Comment Re:Gamechanger (Score 1) 514

Also, unless you are in an area without gas service, or in a house built with 100% electric heat, winter tends to be somewhat favorable to electrical demand. Lighting requirements go up, since the days are shorter; but contemporary lighting efficiency has increased by leaps and bounds of late(and anyone buying a Tesla battery pack is probably already running LED lights, or willing to consider it); and the cold reduces air conditioning demand to effectively zero, while heating is often accomplished substantially by on-site combustion heaters, which impose negligible electrical load(typically a trickle to keep the thermostats and other regulatory electronics up; but that's peanuts compared to AC load).

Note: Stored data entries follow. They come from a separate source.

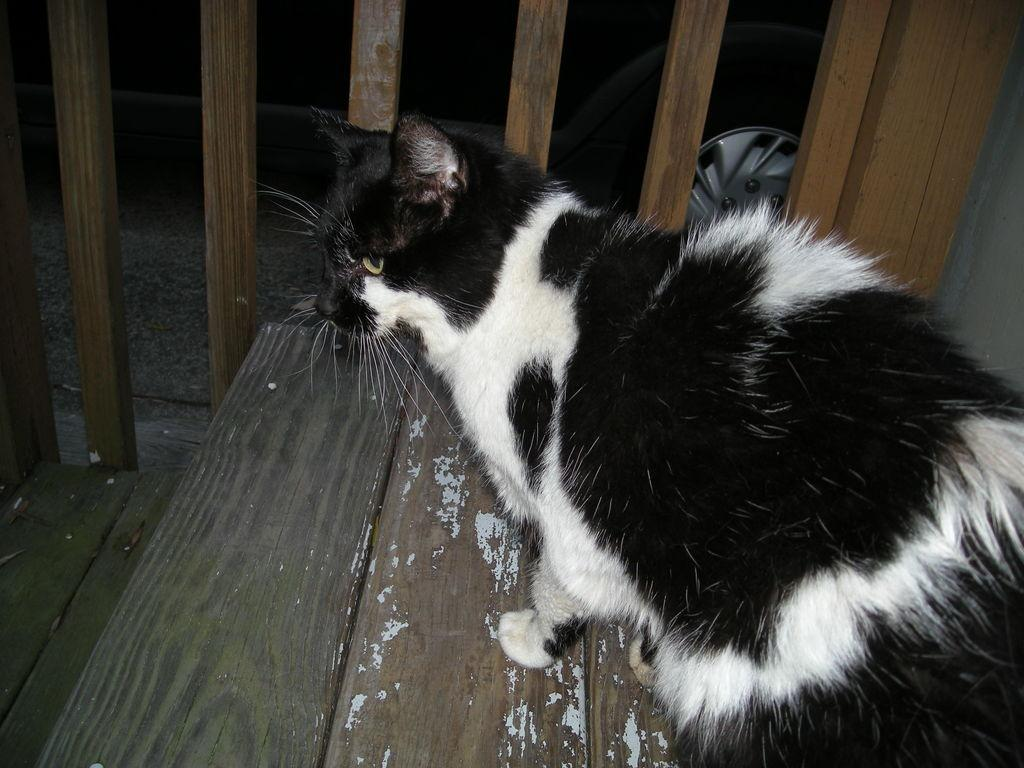What type of staircase is visible in the image? There is a wooden staircase in the image. What else can be seen in the image besides the staircase? There is an object in the image. What is the main subject of the image? The image features a cat as the main subject. What type of work is the cat doing in the image? The image does not depict the cat performing any work; it is simply the main subject of the image. 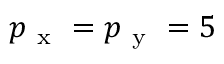Convert formula to latex. <formula><loc_0><loc_0><loc_500><loc_500>p _ { x } = p _ { y } = 5</formula> 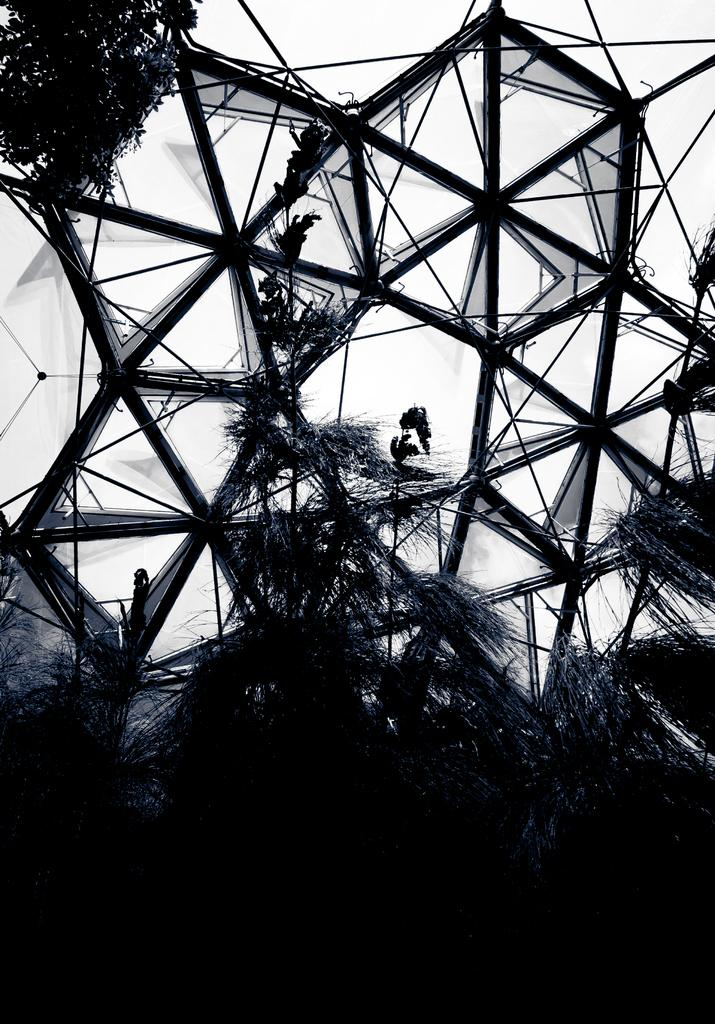What type of vegetation can be seen in the image? There are trees and plants in the image. What else is present in the image besides vegetation? There is a building structure in the image. Where is the rake being used to clean up leaves in the image? There is no rake present in the image, so it cannot be used to clean up leaves. 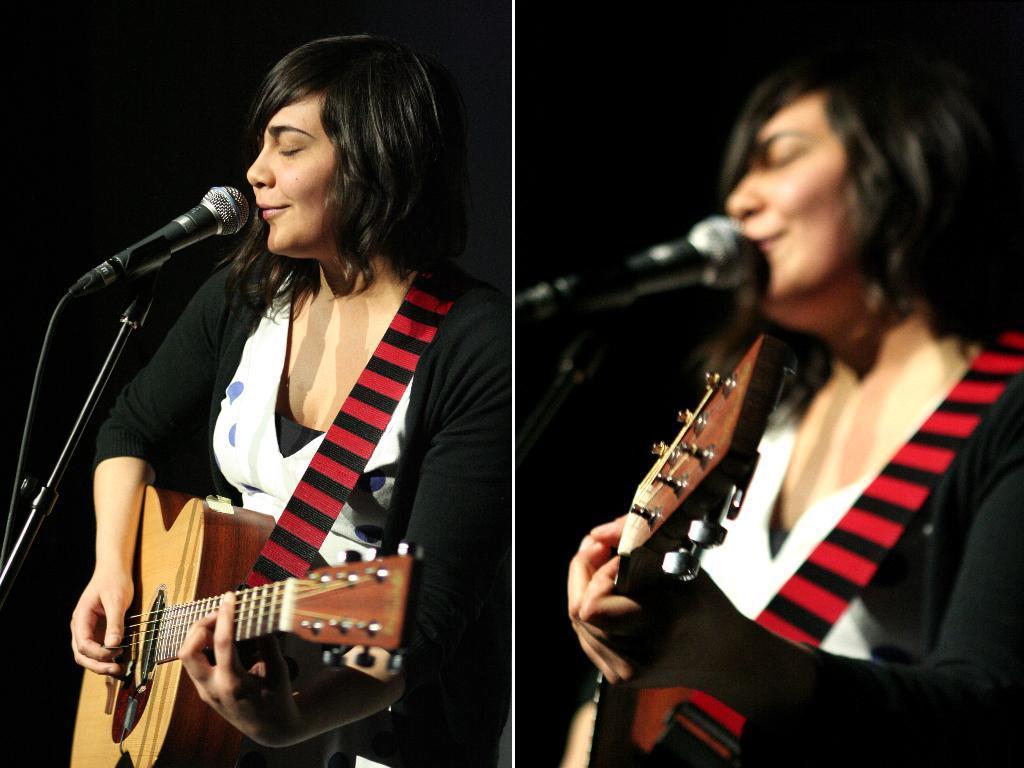How would you summarize this image in a sentence or two? The image is collage of two pictures. In both the images the person is same. One picture is clear and another picture is blurred. The woman is wearing a black shrug, white dress and holding a guitar. In front of her there is a mike. 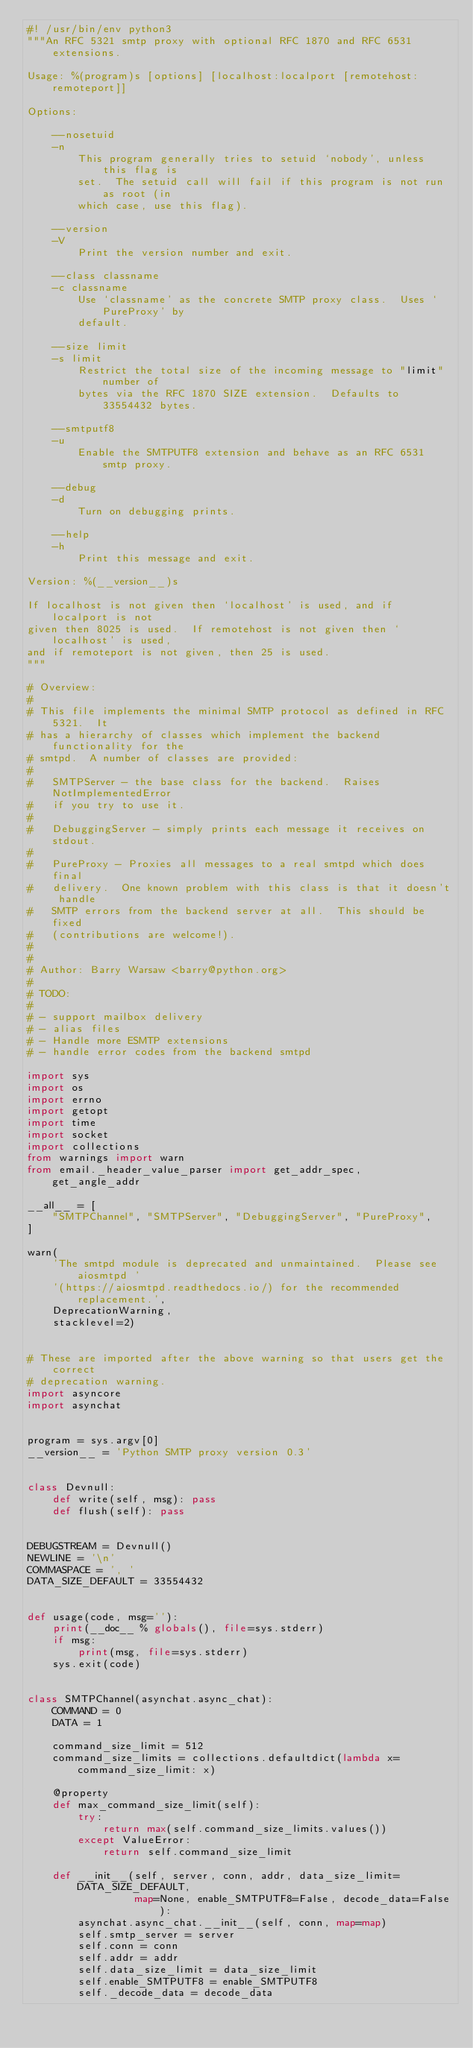<code> <loc_0><loc_0><loc_500><loc_500><_Python_>#! /usr/bin/env python3
"""An RFC 5321 smtp proxy with optional RFC 1870 and RFC 6531 extensions.

Usage: %(program)s [options] [localhost:localport [remotehost:remoteport]]

Options:

    --nosetuid
    -n
        This program generally tries to setuid `nobody', unless this flag is
        set.  The setuid call will fail if this program is not run as root (in
        which case, use this flag).

    --version
    -V
        Print the version number and exit.

    --class classname
    -c classname
        Use `classname' as the concrete SMTP proxy class.  Uses `PureProxy' by
        default.

    --size limit
    -s limit
        Restrict the total size of the incoming message to "limit" number of
        bytes via the RFC 1870 SIZE extension.  Defaults to 33554432 bytes.

    --smtputf8
    -u
        Enable the SMTPUTF8 extension and behave as an RFC 6531 smtp proxy.

    --debug
    -d
        Turn on debugging prints.

    --help
    -h
        Print this message and exit.

Version: %(__version__)s

If localhost is not given then `localhost' is used, and if localport is not
given then 8025 is used.  If remotehost is not given then `localhost' is used,
and if remoteport is not given, then 25 is used.
"""

# Overview:
#
# This file implements the minimal SMTP protocol as defined in RFC 5321.  It
# has a hierarchy of classes which implement the backend functionality for the
# smtpd.  A number of classes are provided:
#
#   SMTPServer - the base class for the backend.  Raises NotImplementedError
#   if you try to use it.
#
#   DebuggingServer - simply prints each message it receives on stdout.
#
#   PureProxy - Proxies all messages to a real smtpd which does final
#   delivery.  One known problem with this class is that it doesn't handle
#   SMTP errors from the backend server at all.  This should be fixed
#   (contributions are welcome!).
#
#
# Author: Barry Warsaw <barry@python.org>
#
# TODO:
#
# - support mailbox delivery
# - alias files
# - Handle more ESMTP extensions
# - handle error codes from the backend smtpd

import sys
import os
import errno
import getopt
import time
import socket
import collections
from warnings import warn
from email._header_value_parser import get_addr_spec, get_angle_addr

__all__ = [
    "SMTPChannel", "SMTPServer", "DebuggingServer", "PureProxy",
]

warn(
    'The smtpd module is deprecated and unmaintained.  Please see aiosmtpd '
    '(https://aiosmtpd.readthedocs.io/) for the recommended replacement.',
    DeprecationWarning,
    stacklevel=2)


# These are imported after the above warning so that users get the correct
# deprecation warning.
import asyncore
import asynchat


program = sys.argv[0]
__version__ = 'Python SMTP proxy version 0.3'


class Devnull:
    def write(self, msg): pass
    def flush(self): pass


DEBUGSTREAM = Devnull()
NEWLINE = '\n'
COMMASPACE = ', '
DATA_SIZE_DEFAULT = 33554432


def usage(code, msg=''):
    print(__doc__ % globals(), file=sys.stderr)
    if msg:
        print(msg, file=sys.stderr)
    sys.exit(code)


class SMTPChannel(asynchat.async_chat):
    COMMAND = 0
    DATA = 1

    command_size_limit = 512
    command_size_limits = collections.defaultdict(lambda x=command_size_limit: x)

    @property
    def max_command_size_limit(self):
        try:
            return max(self.command_size_limits.values())
        except ValueError:
            return self.command_size_limit

    def __init__(self, server, conn, addr, data_size_limit=DATA_SIZE_DEFAULT,
                 map=None, enable_SMTPUTF8=False, decode_data=False):
        asynchat.async_chat.__init__(self, conn, map=map)
        self.smtp_server = server
        self.conn = conn
        self.addr = addr
        self.data_size_limit = data_size_limit
        self.enable_SMTPUTF8 = enable_SMTPUTF8
        self._decode_data = decode_data</code> 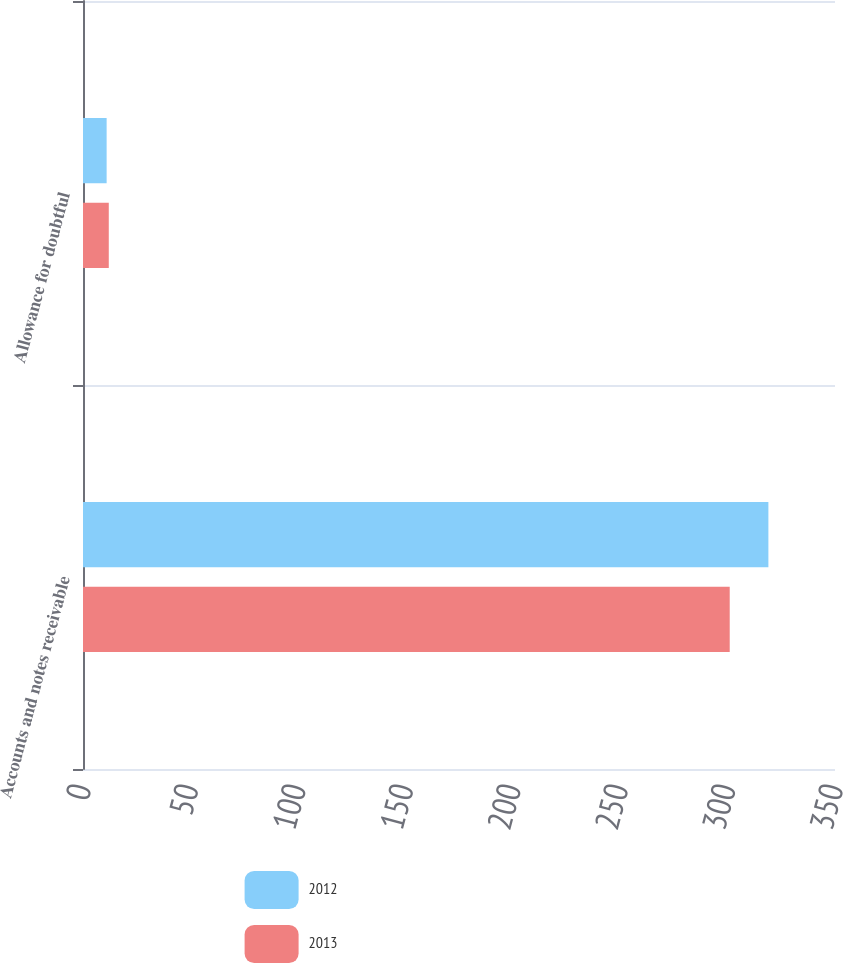Convert chart. <chart><loc_0><loc_0><loc_500><loc_500><stacked_bar_chart><ecel><fcel>Accounts and notes receivable<fcel>Allowance for doubtful<nl><fcel>2012<fcel>319<fcel>11<nl><fcel>2013<fcel>301<fcel>12<nl></chart> 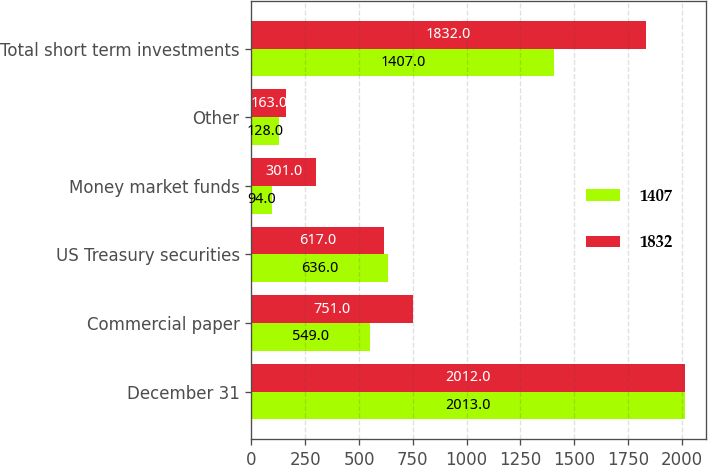Convert chart to OTSL. <chart><loc_0><loc_0><loc_500><loc_500><stacked_bar_chart><ecel><fcel>December 31<fcel>Commercial paper<fcel>US Treasury securities<fcel>Money market funds<fcel>Other<fcel>Total short term investments<nl><fcel>1407<fcel>2013<fcel>549<fcel>636<fcel>94<fcel>128<fcel>1407<nl><fcel>1832<fcel>2012<fcel>751<fcel>617<fcel>301<fcel>163<fcel>1832<nl></chart> 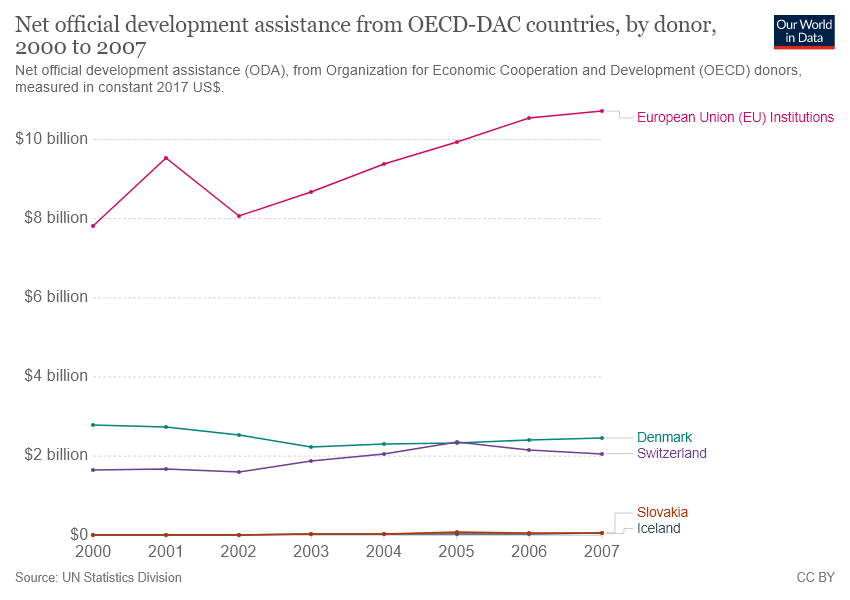Is the sum of official development assistance(ODA) for Denmark and Switzerland in 2000 greater than $4 billion?
 No 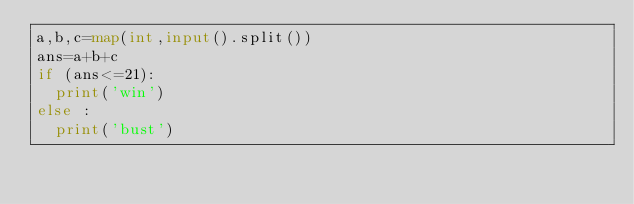<code> <loc_0><loc_0><loc_500><loc_500><_Python_>a,b,c=map(int,input().split())
ans=a+b+c
if (ans<=21):
  print('win')
else :
  print('bust')</code> 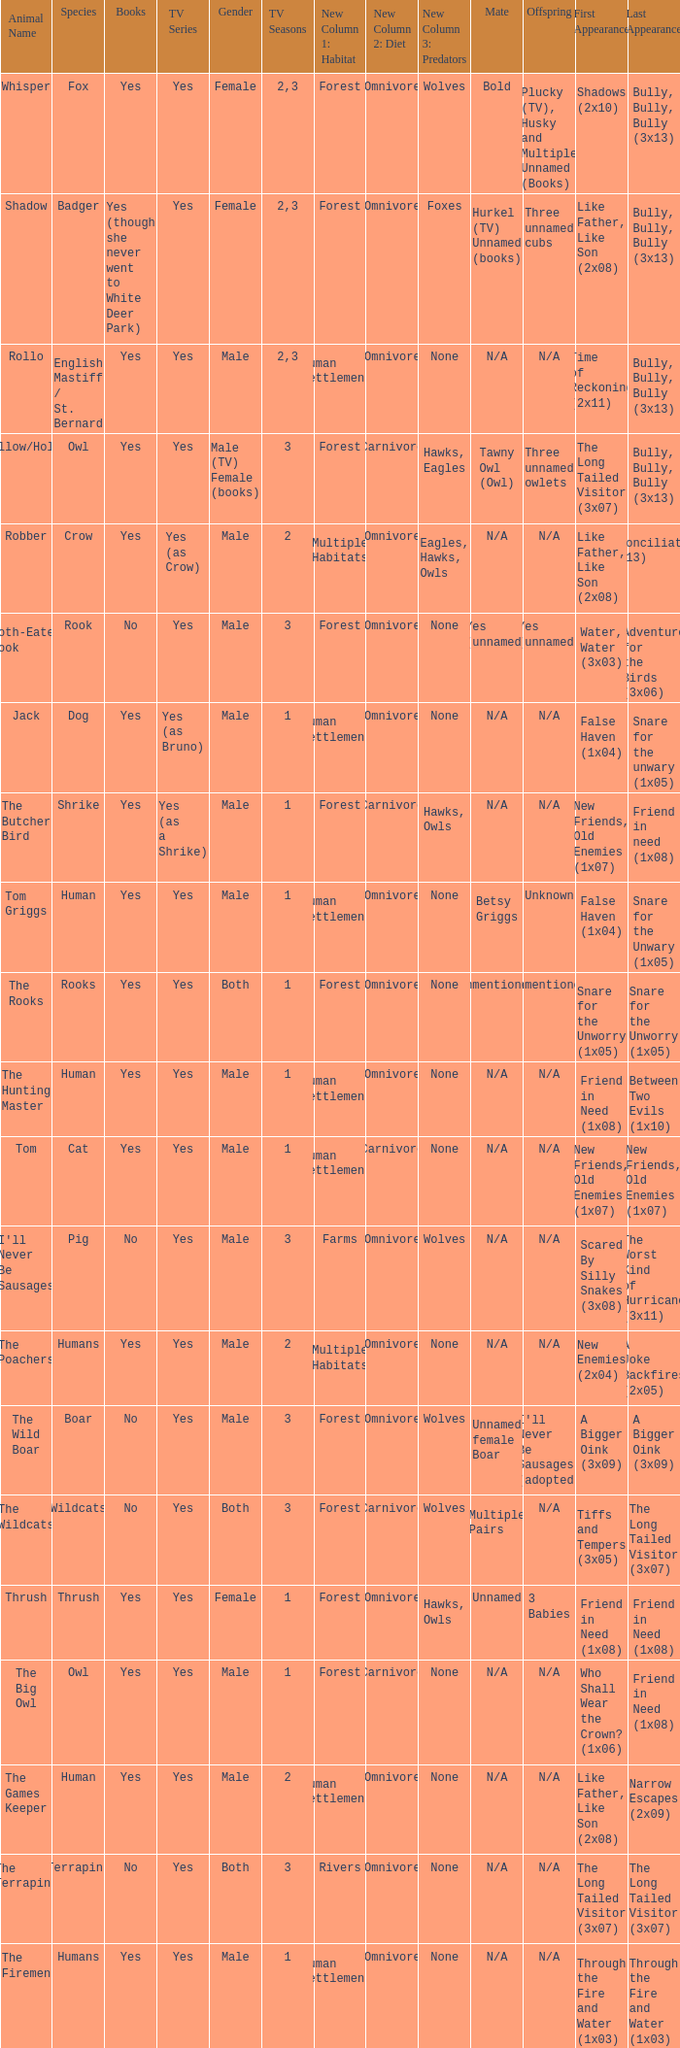What show has a boar? Yes.

An area with proper winter would make outdoor installs problematic(Li-ion is better than most; but batteries still don't do any better for being below freezing); but otherwise the situation isn't so bad. If anything, places with brutal summers are probably the harder case, since AC is absolutely voracious in its demand, and almost always electrical, and the modest increase in available solar power doesn't necessarily negate the substantial increase in cooling requirements.

Comment Re:There's a shock... (Score 1) 174

I don't know of any FBI-specific issues with DNA work; but various crime labs have had issues with atrociously sloppy practices that tend to go unchallenged, or overtly hidden, for some years. The big FBI story is definitely the "yeah, we basically didn't do a single hair analysis right for two decades; also hair analysis in general is probably bullshit" issue.

In general, DNA-based techniques have the advantage that they are actually 'science', as originally developed by scientists looking for useful research tools and facing some possibility of falsification, embarassing retractions, etc. It requires some skill, and considerable attention to good standards of cleanliness, bench technique, etc.(especially if PCR is involved; that technique is practically black magic it's so good at picking up otherwise impossible to detect DNA; but it is equally good at amplifying your accidental contamination of the sample by a few orders of magnitude)

Much of the rest of forensic 'science', is little better than polygraphs and phrenology. 'Bite mark analysis', in particular, is a tragicomedy.